## THE PROBLEM
The data are to be restated in full, exactly as presented.

[Items from a dataset]
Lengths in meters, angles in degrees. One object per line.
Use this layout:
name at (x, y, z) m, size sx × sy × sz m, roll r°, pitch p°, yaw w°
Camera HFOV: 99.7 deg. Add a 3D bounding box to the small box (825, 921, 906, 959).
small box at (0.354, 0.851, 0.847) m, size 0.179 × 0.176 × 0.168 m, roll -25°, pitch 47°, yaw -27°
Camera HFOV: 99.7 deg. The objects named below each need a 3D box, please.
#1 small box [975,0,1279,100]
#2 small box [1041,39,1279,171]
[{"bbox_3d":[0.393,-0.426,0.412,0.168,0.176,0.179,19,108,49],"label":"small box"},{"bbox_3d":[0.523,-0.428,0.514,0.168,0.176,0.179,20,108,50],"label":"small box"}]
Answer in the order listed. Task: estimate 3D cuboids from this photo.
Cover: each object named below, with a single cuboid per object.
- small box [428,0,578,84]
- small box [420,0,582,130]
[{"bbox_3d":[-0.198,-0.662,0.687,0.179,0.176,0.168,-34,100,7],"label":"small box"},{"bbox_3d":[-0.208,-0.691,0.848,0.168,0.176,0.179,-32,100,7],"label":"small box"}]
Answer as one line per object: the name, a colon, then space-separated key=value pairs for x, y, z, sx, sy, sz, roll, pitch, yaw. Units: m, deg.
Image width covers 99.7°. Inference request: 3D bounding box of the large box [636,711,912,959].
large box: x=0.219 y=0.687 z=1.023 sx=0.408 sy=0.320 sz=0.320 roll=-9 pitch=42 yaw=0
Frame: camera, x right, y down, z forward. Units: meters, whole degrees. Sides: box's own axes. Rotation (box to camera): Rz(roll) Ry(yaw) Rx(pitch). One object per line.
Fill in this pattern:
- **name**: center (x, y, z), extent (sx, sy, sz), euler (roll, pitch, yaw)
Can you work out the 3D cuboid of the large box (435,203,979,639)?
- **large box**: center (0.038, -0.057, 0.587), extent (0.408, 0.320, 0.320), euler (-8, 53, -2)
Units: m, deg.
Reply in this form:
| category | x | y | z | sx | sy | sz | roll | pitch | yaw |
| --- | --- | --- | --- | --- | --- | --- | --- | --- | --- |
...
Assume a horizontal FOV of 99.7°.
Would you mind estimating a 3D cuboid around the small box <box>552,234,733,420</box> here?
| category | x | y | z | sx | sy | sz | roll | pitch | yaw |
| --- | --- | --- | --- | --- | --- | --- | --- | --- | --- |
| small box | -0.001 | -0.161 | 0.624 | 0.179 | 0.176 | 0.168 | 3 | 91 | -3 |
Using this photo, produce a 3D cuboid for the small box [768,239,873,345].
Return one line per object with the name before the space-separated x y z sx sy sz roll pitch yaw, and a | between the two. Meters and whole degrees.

## RESULT FOR THIS TASK
Lengths in meters, angles in degrees. One object per line.
Use this layout:
name at (x, y, z) m, size sx × sy × sz m, roll r°, pitch p°, yaw w°
Camera HFOV: 99.7 deg. Add a 3D bounding box to the small box (825, 921, 906, 959).
small box at (0.354, 0.851, 0.847) m, size 0.179 × 0.176 × 0.168 m, roll -25°, pitch 47°, yaw -27°
Camera HFOV: 99.7 deg. The objects named below each need a 3D box, please.
#1 small box [975,0,1279,100]
#2 small box [1041,39,1279,171]
[{"bbox_3d":[0.393,-0.426,0.412,0.168,0.176,0.179,19,108,49],"label":"small box"},{"bbox_3d":[0.523,-0.428,0.514,0.168,0.176,0.179,20,108,50],"label":"small box"}]
Answer in the order listed. Task: estimate 3D cuboids from this photo.
Cover: each object named below, with a single cuboid per object.
- small box [428,0,578,84]
- small box [420,0,582,130]
[{"bbox_3d":[-0.198,-0.662,0.687,0.179,0.176,0.168,-34,100,7],"label":"small box"},{"bbox_3d":[-0.208,-0.691,0.848,0.168,0.176,0.179,-32,100,7],"label":"small box"}]
Answer as one line per object: the name, a colon, then space-separated key=value pairs for x, y, z, sx, sy, sz, roll, pitch, yaw. Units: m, deg.
Image width covers 99.7°. Inference request: 3D bounding box of the large box [636,711,912,959].
large box: x=0.219 y=0.687 z=1.023 sx=0.408 sy=0.320 sz=0.320 roll=-9 pitch=42 yaw=0
Frame: camera, x right, y down, z forward. Units: meters, whole degrees. Sides: box's own axes. Rotation (box to camera): Rz(roll) Ry(yaw) Rx(pitch). One object per line.
Fill in this pattern:
- **name**: center (x, y, z), extent (sx, sy, sz), euler (roll, pitch, yaw)
Can you work out the 3D cuboid of the large box (435,203,979,639)?
- **large box**: center (0.038, -0.057, 0.587), extent (0.408, 0.320, 0.320), euler (-8, 53, -2)
Units: m, deg.
Reply in this form:
| category | x | y | z | sx | sy | sz | roll | pitch | yaw |
| --- | --- | --- | --- | --- | --- | --- | --- | --- | --- |
...
Assume a horizontal FOV of 99.7°.
Would you mind estimating a 3D cuboid around the small box <box>552,234,733,420</box> here?
| category | x | y | z | sx | sy | sz | roll | pitch | yaw |
| --- | --- | --- | --- | --- | --- | --- | --- | --- | --- |
| small box | -0.001 | -0.161 | 0.624 | 0.179 | 0.176 | 0.168 | 3 | 91 | -3 |
Using this photo, produce a 3D cuboid for the small box [768,239,873,345].
Return one line per object with the name before the space-separated x y z sx sy sz roll pitch yaw, and a | between the two. Meters and whole degrees.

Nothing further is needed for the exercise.